I’m just salty because I’m in an environment where the cancer care is usually initiated by the med oncs regardless of the primary (strong presence in the community) so I do see what it’s like when the med onc makes all the treatment/management decisions and it can be devastating.

I think as a field, we have de-valued our role as an “oncologist” and I’m not willing to accept that as our fate. So I apologize if I seem upset anytime I see a med onc making radiation decisions regardless if it’s the right move or not.

 

[Palex80]

I’m just salty because I’m in an environment where the cancer care is usually initiated by the med oncs regardless of the primary (strong presence in the community) so I do see what it’s like when the med onc makes all the treatment/management decisions and it can be devastating.
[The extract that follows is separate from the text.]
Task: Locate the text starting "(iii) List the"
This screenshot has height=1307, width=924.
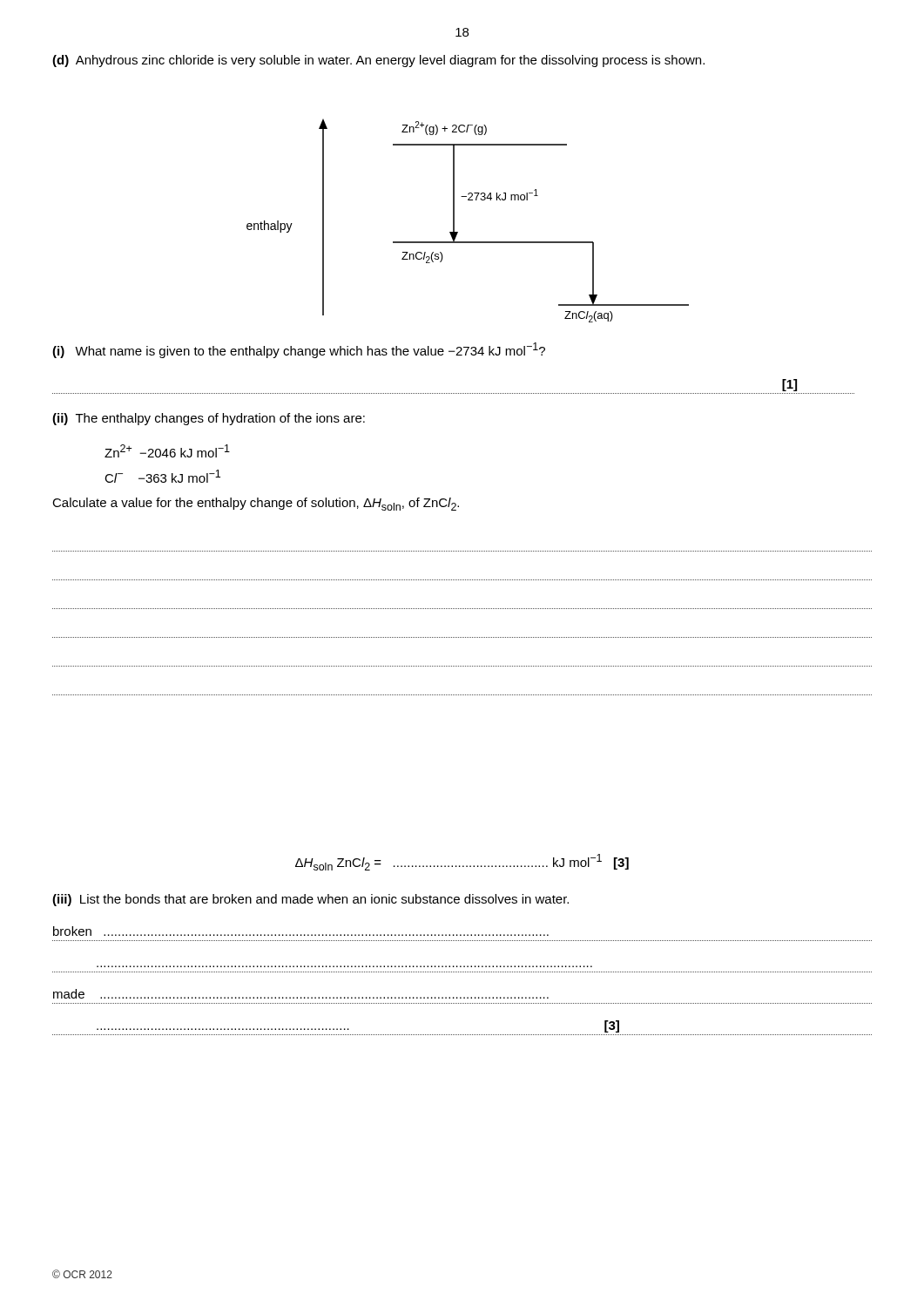Action: tap(311, 899)

I think as a field, we have de-valued our role as an “oncologist” and I’m not willing to accept that as our fate. So I apologize if I seem upset anytime I see a med onc making radiation decisions regardless if it’s the right move or not.

Shut up and go back to your basement to play with your cancer killing machine! Your job is to push the buttons.

 

[Radonc90]

The problem with medonc referral is more severe than that...

1. We radonc's are outnumbered by medonc's. In 2011, there were some 13,000 medoncs in the US per ASCO.
So you can see that for every 1 radonc, there are some 3-4 medoncs.

2. Medonc training is far behind time. They don't even have any surgical training like some of us do.
They don't even know the human anatomy that well.
They don't do Gyn, HN or rectal exam, it is not part of their training and pts get chemo anyway, why bother with the physical exam.

3. PCPs have little or no training in oncology, so the minute the PCP diagnoses their patients with cancer, they ship them to medonc bc in the PCP's mind, oncology is too complex (it is true), so PCPs use medonc as their "Air Traffic Controllers".
Except for the fact that the ATC sends the planes to the wrong airports about 40% of the time lol...

4. Medoncs that I deal with play a lot of stupid politics to their liking.

Here are some examples that I see repeatedly.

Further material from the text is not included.